The former All-Star is on his way to Minneapolis to start his much-anticipated
comeback in the same city his career nearly began seven years ago.
There are quite a few reasons why the Minnesota Timberwolves haven't made the
playoffs since 2004 and most of them involve personnel decisions made by the
One of the most egregious Kevin McHale miscues can be traced back to draft
night in 2006 when the Wolves made the prudent decision to draft Roy with the
sixth overall pick. That moment of clarity by the tortured Minnesota hierarchy
was short-lived, however, and McHale quickly traded Roy to Portland for the
seventh overall selection, Randy Foye.
The rest is history and has haunted the Wolves for years. Foye never developed
into anything more than a competent NBA player and never touched the heights
that Roy reached in Rip City.
Roy was the NBA Rookie of the Year in 2007 and while he was no Kevin Garnett
or Kobe Bryant, he developed into a bit of a fixture at the NBA All-Star Game,
representing the Trail Blazers three straight years before his balky knees
caught up to him in 2011.
One of the reasons McHale made his ill-fated decision back in '06 was his
concern over Roy's knees, and by January 2011 the wingman underwent
arthroscopic surgery on both, which held off the inevitable for a short time.
The Seattle native returned to the Portland lineup in late February of that
year and took on a reserve role for the rest of the season.
Extra rest fueled by the NBA lockout proved to be no tonic for Roy and just
before training camps were scheduled to open last season, he announced that
his knees had degenerated so much that he was retiring from basketball.
Following the announcement, Portland used its amnesty clause on Roy and his
time in the Pacific Northwest was over.
His time in the NBA, however, was not. In hindsight that should be no
surprise. A throwback of sorts, the 27-year-old Roy has always been a
competitor, the kind of warrior who was never going to turn down an
opportunity to get back on the hardwood.
Roy's ticket back to the NBA came in the form of a German-engineered blood
spinning procedure called Platelet Rich Plasma (PRP) therapy, which
rejuvenated his knees. Bryant and star athletes from other sports like Alex
Rodriguez, Fred Couples and Tiger Woods have undergone similar treatments and
raved about them.
With Roy back in play, Dallas, Golden State, Minnesota, Indiana and Chicago,
perhaps remembering his exploits in Portland, all expressed some interest but
the Timberwolves, a team on the rise and looking to make a push toward the
postseason in 2013, put on the full-court press.
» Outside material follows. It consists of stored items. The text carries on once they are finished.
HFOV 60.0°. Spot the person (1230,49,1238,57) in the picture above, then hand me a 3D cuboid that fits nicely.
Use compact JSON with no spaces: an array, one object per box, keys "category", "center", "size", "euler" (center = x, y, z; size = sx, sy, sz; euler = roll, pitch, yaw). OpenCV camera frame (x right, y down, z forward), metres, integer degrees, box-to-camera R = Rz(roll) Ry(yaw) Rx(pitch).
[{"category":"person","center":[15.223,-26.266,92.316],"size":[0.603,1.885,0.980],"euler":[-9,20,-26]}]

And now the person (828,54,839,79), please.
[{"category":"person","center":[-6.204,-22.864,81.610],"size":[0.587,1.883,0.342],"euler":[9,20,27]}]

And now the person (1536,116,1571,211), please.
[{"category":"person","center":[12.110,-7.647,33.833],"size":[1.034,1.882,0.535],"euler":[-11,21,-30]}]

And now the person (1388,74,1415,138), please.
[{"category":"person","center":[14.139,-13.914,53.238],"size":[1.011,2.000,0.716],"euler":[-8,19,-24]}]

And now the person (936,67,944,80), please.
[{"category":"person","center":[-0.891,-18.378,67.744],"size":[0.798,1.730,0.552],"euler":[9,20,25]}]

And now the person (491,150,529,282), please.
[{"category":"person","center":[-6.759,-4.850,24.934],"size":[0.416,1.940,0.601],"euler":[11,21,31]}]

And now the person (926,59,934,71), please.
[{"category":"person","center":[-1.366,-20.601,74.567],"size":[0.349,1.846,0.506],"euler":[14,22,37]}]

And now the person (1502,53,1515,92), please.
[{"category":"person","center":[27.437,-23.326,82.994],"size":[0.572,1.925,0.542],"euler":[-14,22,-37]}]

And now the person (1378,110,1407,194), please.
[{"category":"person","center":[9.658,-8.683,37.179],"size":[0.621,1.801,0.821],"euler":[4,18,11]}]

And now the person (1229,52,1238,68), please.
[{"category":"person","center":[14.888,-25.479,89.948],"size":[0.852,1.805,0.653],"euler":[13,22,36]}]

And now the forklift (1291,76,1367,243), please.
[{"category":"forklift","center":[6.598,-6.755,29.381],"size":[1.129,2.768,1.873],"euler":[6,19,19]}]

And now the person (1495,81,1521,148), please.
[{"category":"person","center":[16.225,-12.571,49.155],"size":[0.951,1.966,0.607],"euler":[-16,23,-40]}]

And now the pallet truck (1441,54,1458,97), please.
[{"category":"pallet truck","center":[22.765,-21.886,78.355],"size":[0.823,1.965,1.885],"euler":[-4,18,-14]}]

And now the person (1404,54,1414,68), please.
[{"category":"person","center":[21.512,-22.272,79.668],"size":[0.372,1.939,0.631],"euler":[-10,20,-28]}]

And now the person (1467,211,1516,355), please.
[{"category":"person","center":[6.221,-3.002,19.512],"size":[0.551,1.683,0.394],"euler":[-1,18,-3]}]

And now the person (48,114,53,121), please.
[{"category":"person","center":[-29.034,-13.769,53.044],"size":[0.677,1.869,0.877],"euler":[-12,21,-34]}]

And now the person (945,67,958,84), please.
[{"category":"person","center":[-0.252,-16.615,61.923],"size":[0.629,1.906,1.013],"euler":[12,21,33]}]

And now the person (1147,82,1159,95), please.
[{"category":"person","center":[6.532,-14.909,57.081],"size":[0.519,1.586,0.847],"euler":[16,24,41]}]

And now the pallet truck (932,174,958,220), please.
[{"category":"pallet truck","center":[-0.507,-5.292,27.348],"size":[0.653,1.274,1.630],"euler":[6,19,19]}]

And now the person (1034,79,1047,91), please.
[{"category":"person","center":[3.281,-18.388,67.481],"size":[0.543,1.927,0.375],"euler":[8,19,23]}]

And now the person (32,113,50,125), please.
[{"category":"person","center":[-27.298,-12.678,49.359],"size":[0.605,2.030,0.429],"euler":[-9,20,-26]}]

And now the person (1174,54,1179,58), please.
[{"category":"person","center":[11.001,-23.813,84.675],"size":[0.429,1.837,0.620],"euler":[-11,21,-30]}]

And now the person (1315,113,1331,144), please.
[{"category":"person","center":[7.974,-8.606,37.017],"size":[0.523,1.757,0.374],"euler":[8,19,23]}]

Owner Glen Taylor, president of basketball operations David Kahn, coach Rick
Adelman, and trainer Greg Farnam all went to visit with Roy and his agent in
Seattle and hammered out a two-year, $10.4 million deal which will provide
Minnesota some protection in case Roy's knees fail again.
The Wolves understand Roy is now probably best-suited as a sixth man who plays
about 20-25 minutes per game and will not put much pressure on him. In fact,
Adelman is expecting nothing more than for Roy to come in and offer a veteran
presence to compliment All-Star power forward Kevin Love and emerging point
guard Ricky Rubio.
So seven years after Roy should have made his debut in the Twin Cities, he will
finally call Target Center home come November. And the Wolves will almost
assuredly taste postseason basketball again because of it.